Scand J Work Environ Health 2002;28(6):367-369    pdf

https://doi.org/10.5271/sjweh.688 | Issue date: Dec 2002

Improving exposure assessment requires measurements and modeling

by Schneider T

In the proposal made by Vermeulen et al (1) for a systematic approach to dermal exposure assessment in occupational epidemiologic research in this issue of the Scandinavian Journal of Work Environment & Health, the authors have transferred their insight gained from developing approaches to inhalation exposure assessment to the less developed field of dermal exposure assessment. The points made by the authors, when generalized, underline that the development of exposure assessment methodologies needs both measurement and modeling and that it is in the interplay between statistical and deterministic modeling, measurement, and other disciplines that progress can be made.

Exposure modeling at various levels of complexity are useful for (i) designing cost-effective strategies for measurements, (ii) retrieving historical data, (iii) analyzing, interpreting and reducing data, (iv) narrowing the exposure estimation variance obtained from measurements, (v) drawing on information from other sources, (vi) making retrospective exposure assessments, and (vii) translating data obtained in bench-scale tests to full-scale, to name a few. In the epidemiologic literature, the term "statistical model" is often used as opposed to "deterministic model". Deterministic models are generally built on equations based on mathematical principles, physics and chemistry, while statistical models are descriptive and are developed by fitting to observed data (2). In the statistical modeling of inhalation exposure, some general approaches have emerged, such as the use of mixed-effect models. The pool of results has had a major influence on our understanding of exposure variance components and their magnitude. Most mixed-effect and similar models have been fitted to the logs of measured concentrations. These models are constrained in the sense that they force all fixed and random effects to act on exposure in a multiplicative way (upon back-transformation), and thus the results may not properly reflect the physics and chemistry governing exposure. Deterministic modeling is still at an exploratory stage. The lack of generally accepted schemes for decomposing exposure scenarios into exposure determinant classes hampers generalization, and thus it also hampers the general applicability of the results. The aim of deterministic modeling development should not be to develop the "grand unified deterministic exposure model" for chemical agents. If such a model could ever be developed, it would be intractable. Rather, a set of validated model-building blocks should be established that can be assembled into specific models.

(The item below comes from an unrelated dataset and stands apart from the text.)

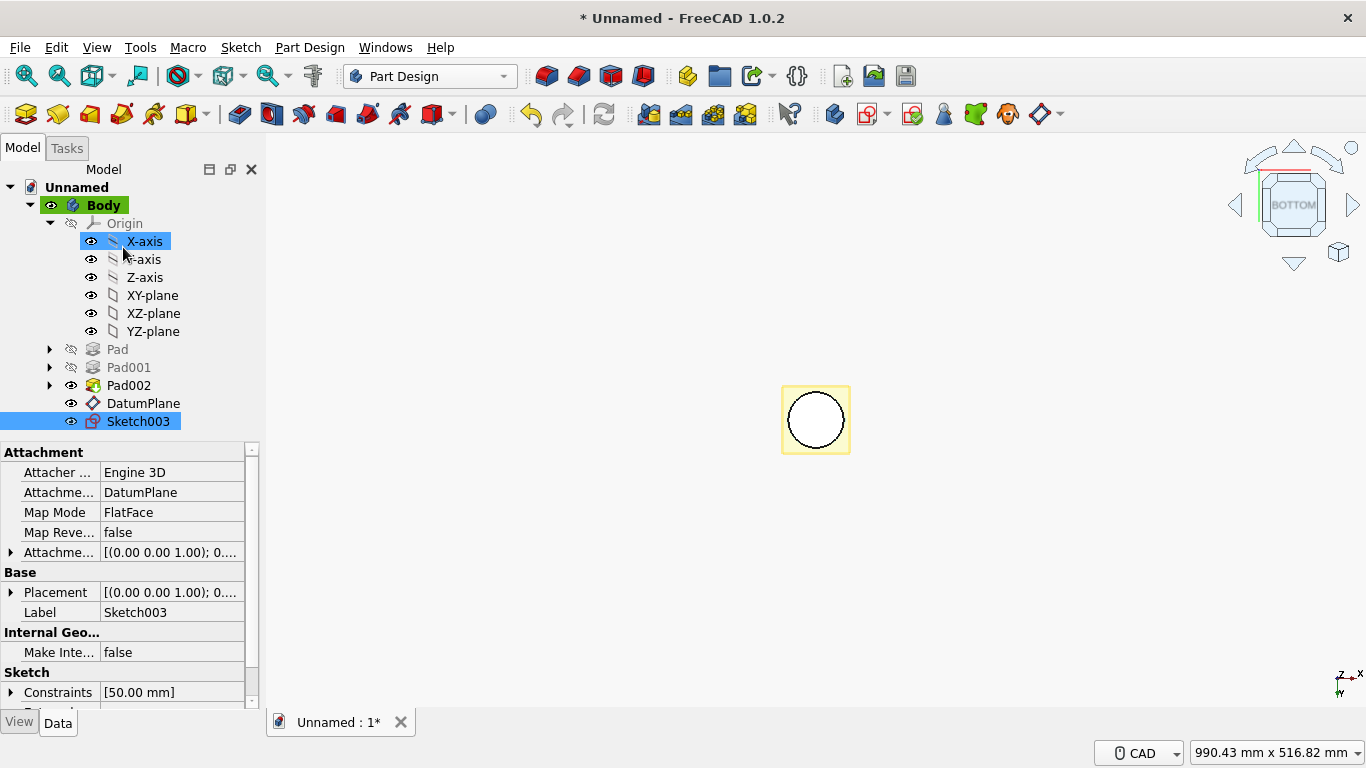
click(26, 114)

Modeling is a way of thinking and reasoning about the exposure process, and models are used for the purpose of communicating (3). It is convenient to begin modeling by drafting a conceptual model that leads to the construction of a model for predicting exposure at a final level of complexity, which is determined by one`s modeling skills and the type and amount of data available, or the amount that can be made available. There are many modeling approaches and many levels of abstraction. Single or multicompartment models are popular in the deterministic modeling of exposure to chemical agents. However, a wealth of other model types has been developed in engineering, social sciences, and like fields, and exposure assessors may have to look into such models to be able to deal with the new worklife scenario. This scenario requires rethinking of the entire exposure concept and approach to assessment (4). All types of exposure factors (physical, chemical, biological, psychosocial, and organizational) must be included for a complete characterization of exposure. Exposure is determined at three levels, all of which need to be investigated in the search for causes of effects on health and well-being and in the formation of recommendations for effective intervention. Societal systems and politics influence conditions on a national (macro) level, other factors affect circumstances on the company or department (meso) level, and, finally, some factors prevail at the individual (micro) level (5). The exposure determinants are nested within each other in several levels and may interact in a complex fashion. Recently investigators analyzing such scenarios have turned to qualitative methods in order to obtain insight into the situation as the workers see and experience them and define the underlying research questions to be investigated in targeted studies (5). Factors at the meso- and macrolevel that determine long-term average exposures, variance, and trends have received only little attention. An understanding of these factors would greatly add to our ability to document if, how much, and how fast workplace conditions improve.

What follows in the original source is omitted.